Before the introduction about 1910 of a non-native fungus that decimated the American chestnut trees, the prototypical forest here was “chestnut-heath;” that is, chestnut was the dominant canopy tree, with an understory mainly made up of shrubs such as rosebay rhododendron, mountain laurel, and other members of the heath family. Before the arrival of the fungus, 30 percent or more of the deciduous forests in the province were made up of chestnut. Almost all of the trees seen in the province now are root sprouts that persist despite the fact that their main trunks have died back to ground level. Within a few years, almost all of these sprouts succumb to the fungus before they can flower and fruit. Today, the prototypical forest of the province is “oak-heath.”

The Blue Ridge is a mosaic of varied habitats, large and small: grassy and heath balds, marshes and bogs, periglacial boulderfields, beech gaps, seepage slopes and cliffs, oak orchards or wind forests, and more. The forest types of the present-day southern Blue Ridge include the spruce-fir or Canadian zone above 5,500 feet. It shares characteristics with evergreen forests in eastern Canada and features the most boreal-like climate in the southeastern United States. The conifers that predominate are red spruce and Fraser fir. The latter is being infested and killed by the balsam wooly adelgid, an introduced aphid pest.
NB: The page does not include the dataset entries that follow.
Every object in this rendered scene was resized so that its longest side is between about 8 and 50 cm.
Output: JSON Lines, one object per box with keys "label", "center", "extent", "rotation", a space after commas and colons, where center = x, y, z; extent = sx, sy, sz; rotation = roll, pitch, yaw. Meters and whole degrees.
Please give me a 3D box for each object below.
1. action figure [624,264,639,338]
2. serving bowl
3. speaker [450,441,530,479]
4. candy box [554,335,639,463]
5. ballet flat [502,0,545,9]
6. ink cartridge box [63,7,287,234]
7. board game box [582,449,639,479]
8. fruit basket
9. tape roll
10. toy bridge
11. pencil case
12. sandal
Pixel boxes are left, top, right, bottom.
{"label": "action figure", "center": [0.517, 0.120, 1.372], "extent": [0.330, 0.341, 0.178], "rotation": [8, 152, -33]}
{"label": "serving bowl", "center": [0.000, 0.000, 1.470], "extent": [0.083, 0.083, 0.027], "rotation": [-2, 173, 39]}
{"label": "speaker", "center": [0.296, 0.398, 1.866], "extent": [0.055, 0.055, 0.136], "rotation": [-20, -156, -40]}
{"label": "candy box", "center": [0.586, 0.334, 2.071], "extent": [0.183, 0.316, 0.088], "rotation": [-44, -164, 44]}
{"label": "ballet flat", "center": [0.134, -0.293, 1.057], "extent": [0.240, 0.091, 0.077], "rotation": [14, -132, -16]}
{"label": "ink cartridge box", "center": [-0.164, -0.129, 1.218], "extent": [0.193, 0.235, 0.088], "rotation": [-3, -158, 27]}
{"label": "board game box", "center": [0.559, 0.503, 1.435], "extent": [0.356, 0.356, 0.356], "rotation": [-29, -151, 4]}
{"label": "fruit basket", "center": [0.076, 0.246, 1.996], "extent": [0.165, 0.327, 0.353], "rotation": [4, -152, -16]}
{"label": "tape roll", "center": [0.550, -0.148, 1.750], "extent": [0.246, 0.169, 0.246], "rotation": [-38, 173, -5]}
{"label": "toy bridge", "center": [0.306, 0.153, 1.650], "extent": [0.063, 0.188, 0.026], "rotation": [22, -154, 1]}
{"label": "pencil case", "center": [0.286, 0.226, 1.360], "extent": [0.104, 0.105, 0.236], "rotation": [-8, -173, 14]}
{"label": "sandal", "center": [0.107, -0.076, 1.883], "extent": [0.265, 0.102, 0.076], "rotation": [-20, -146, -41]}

Between 4,000 and 6,000 feet, the northern hardwood zone shares characteristics with the “north woods” of New England. But note that Michael P. Schafale and Alan S. Weakley in their Classification of the Natural Communities of North Carolina (1990) made the point that there are clear differences between the two zones:

The name ‘northern hardwood forest,’ traditionally given to these communities, implies a similarity to hardwood forests of the northern Appalachians. Many tree, herb, and shrub species are shared; however our Northern Hardwood Forest has evolved under different climatic regimes, with a different [geographic] history, and has many plant and animal species endemic to the southern Appalachians. It is clearly not the same natural community type as the forests of the northern United States.  
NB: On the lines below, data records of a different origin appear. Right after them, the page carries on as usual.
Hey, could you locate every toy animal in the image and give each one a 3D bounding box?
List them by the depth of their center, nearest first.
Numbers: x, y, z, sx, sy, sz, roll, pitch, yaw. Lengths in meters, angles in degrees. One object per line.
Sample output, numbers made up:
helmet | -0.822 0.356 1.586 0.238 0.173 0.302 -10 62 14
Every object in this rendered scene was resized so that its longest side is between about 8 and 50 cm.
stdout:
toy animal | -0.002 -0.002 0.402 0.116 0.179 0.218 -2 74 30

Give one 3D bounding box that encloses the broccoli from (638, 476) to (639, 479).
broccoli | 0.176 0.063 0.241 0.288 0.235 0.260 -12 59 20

Yellow birch and American beech are indicator species for this southern version of the northern hardwood forest, which also features hobblebush, yellow buckeye, and mountain maple.

In Great Smoky Mountains National Park: A Natural History Guide (1993), Rose Houk described the forest that sometimes appears below the northern hardwood forest in this manner:

In a place outstanding for diversity of forest types, one type, unique to the southern Appalachians, stand out as the richest of the richest. It is the cove hardwood forest, the forest primeval, one of the most diverse plant communities in the world. The word cove, when used with hardwood forest, refers generally to a sheltered valley, sometimes flat and sometimes steep, below 4,500 feet elevation. Cove soils are rich and deep.      
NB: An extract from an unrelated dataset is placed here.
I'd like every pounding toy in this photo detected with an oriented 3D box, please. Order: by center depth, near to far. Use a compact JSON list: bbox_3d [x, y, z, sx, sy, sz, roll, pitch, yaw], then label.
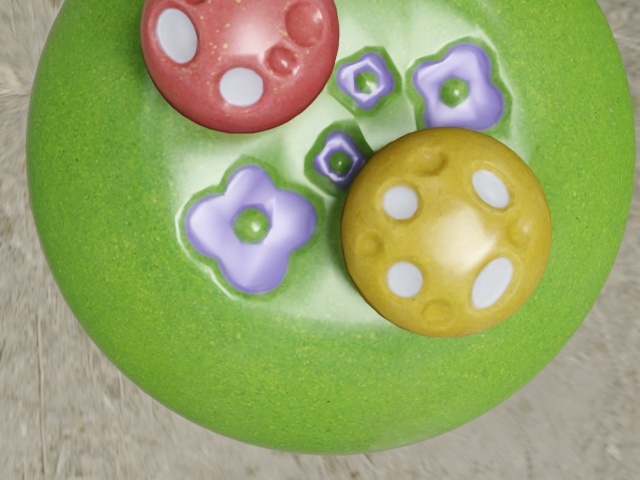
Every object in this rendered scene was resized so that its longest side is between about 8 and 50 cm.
[{"bbox_3d":[0.000,0.000,0.481,0.183,0.110,0.237,10,89,-2],"label":"pounding toy"}]

The largest and most famous of the cove hardwood forests is Joyce Kilmer Memorial Forest near Robbinsville, North Carolina, just south of the Great Smoky Mountains National Park. Located on U.S. Forest Service lands, the 3,840-acre tract is an amazing site. In A Directory of North Carolina’s Natural Areas (1987), Charles E. Roe provided this description:

Massive Canadian hemlocks dominate the forest along the stream flats … but farther upstream give way to mixed hardwoods … Hemlocks measure up to 70 inches in diameter, tulip poplars 76 inches, and oaks 72 inches. Rhododendrons prevail in the forest understory on the flats and ravine bottoms as well as on the ridge top heath balds or ‘slicks.’ Green carpets of mosses and liverworts cover boulders, old logs, banks and tree bases in the damp, shaded environments … This classic primeval forest is an exceptional research and recreational source.

Below 3,000 feet, various pine, oak, and hickory species predominate. This type of “pine-oak-hickory” habitat — often made up of Virginia pine, pitch pine, or Table Mountain pine, red oak, chestnut oak, and pignut hickory — can also appear in higher elevations along exposed slopes and ridges that are relatively dry.

Along streams in the lowest elevations and on moist mountainsides up to 4,000 feet, eastern hemlocks form forests called “hemlock ravines.” Rosebay rhododendron and other shrubs sometimes form a dense under story. The eastern hemlock along with the endemic Carolina hemlock are both being infested and killed by the hemlock wooly adelgid, another introduced aphid pest.

George Ellison wrote the biographical introductions for the reissues of two Appalachian classics: Horace Kephart’s Our Southern Highlanders and James Mooney’s History, Myths, and Sacred Formulas of the Cherokees. In June 2005, a selection of his Back Then columns was published by The History Press in Charleston as Mountain Passages: Natural and Cultural History of Western North Carolina and the Great Smoky Mountains. Readers can contact him at P.O. Box 1262, Bryson City, N.C., 28713, or at This email address is being protected from spambots. You need JavaScript enabled to view it..

Blundering upon a Smokies icon

I’ve always been interested in the processes by which we discover things. Being a naturalist, I’m most interested in the processes by which entities like birds, plants, special places, etc., are located.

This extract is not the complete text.